- _What you will do_:
Transcribe exactly the entries from the "Here's my list;" line to the end, both included, minus pictures.

---- Data for this exercise

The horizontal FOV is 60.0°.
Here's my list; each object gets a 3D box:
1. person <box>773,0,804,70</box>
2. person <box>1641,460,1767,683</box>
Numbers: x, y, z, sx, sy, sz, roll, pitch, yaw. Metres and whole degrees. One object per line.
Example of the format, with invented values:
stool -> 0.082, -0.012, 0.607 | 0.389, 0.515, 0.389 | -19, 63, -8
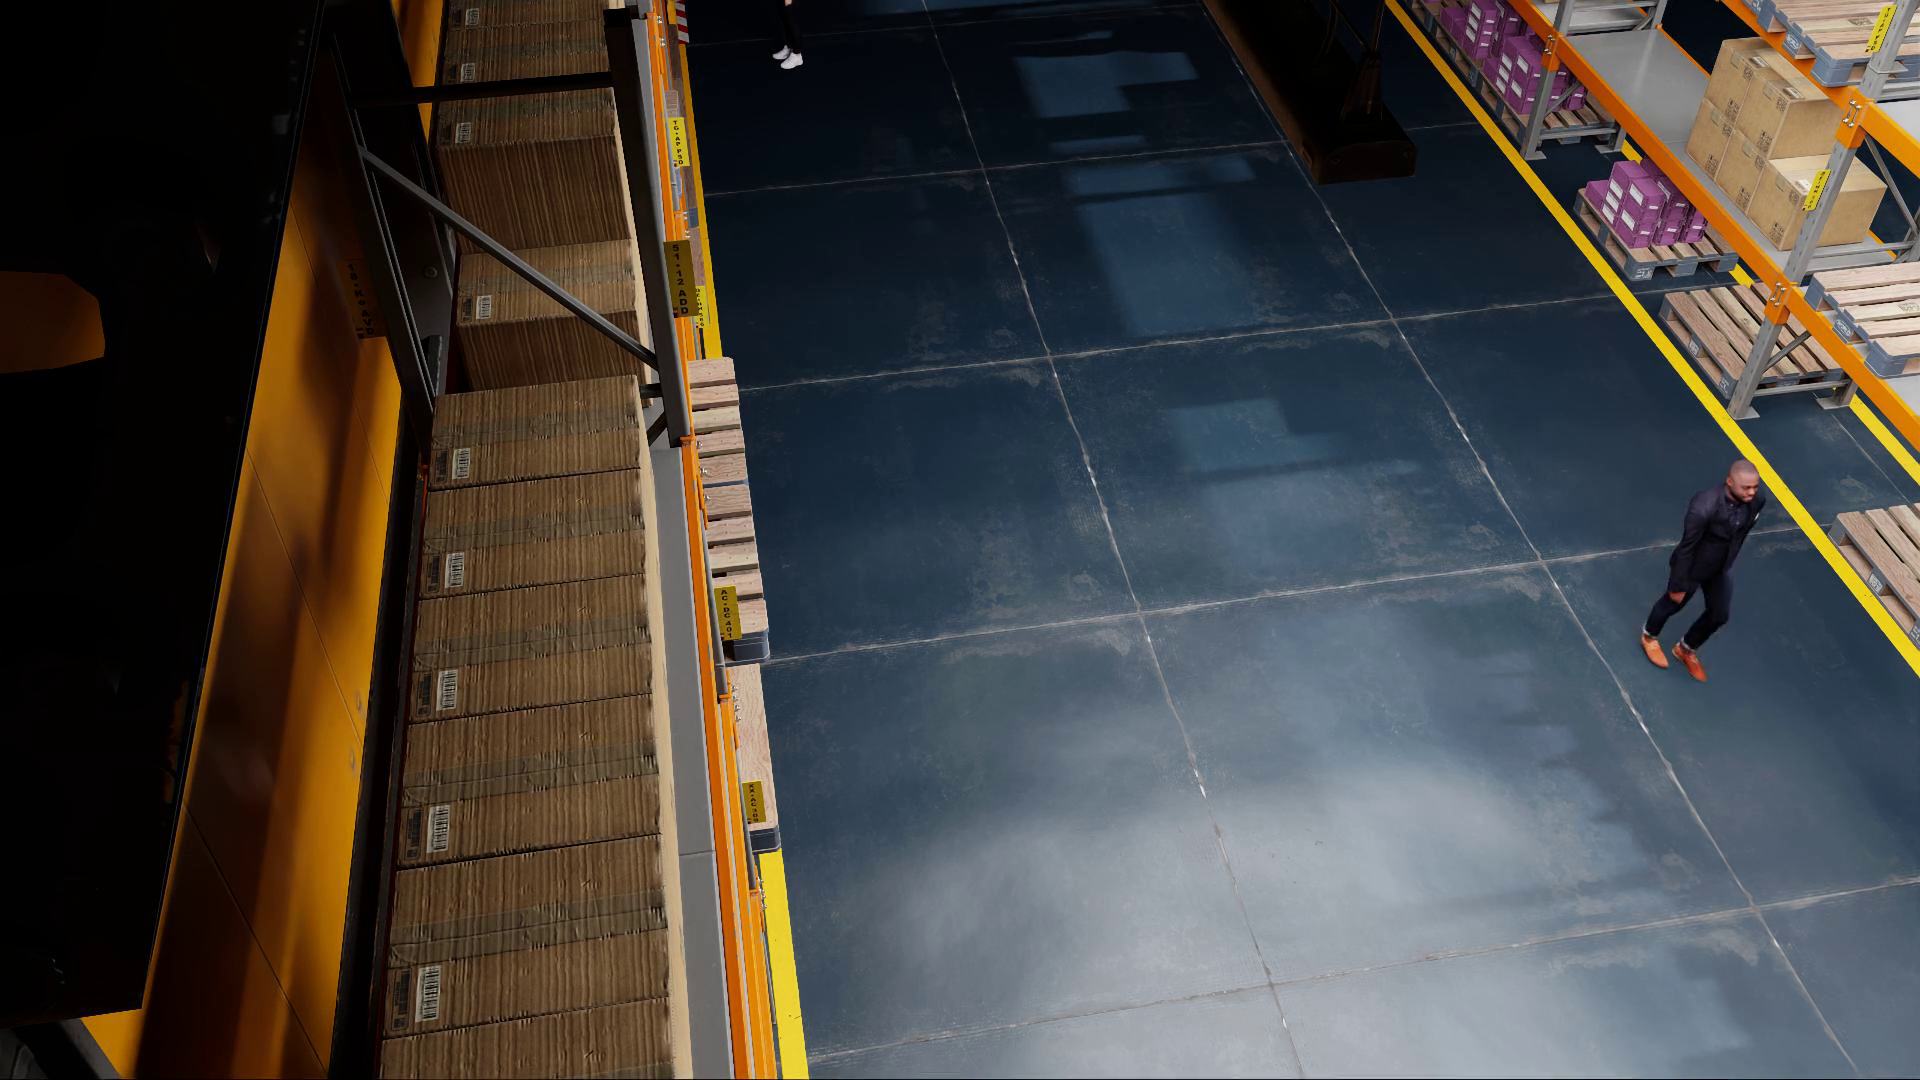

--------

- _Exercise response_:
Here's my list; each object gets a 3D box:
1. person <box>773,0,804,70</box>
2. person <box>1641,460,1767,683</box>
Numbers: x, y, z, sx, sy, sz, roll, pitch, yaw. Metres and whole degrees. One object per line.
Example of the format, with invented values:
stool -> 0.082, -0.012, 0.607 | 0.389, 0.515, 0.389 | -19, 63, -8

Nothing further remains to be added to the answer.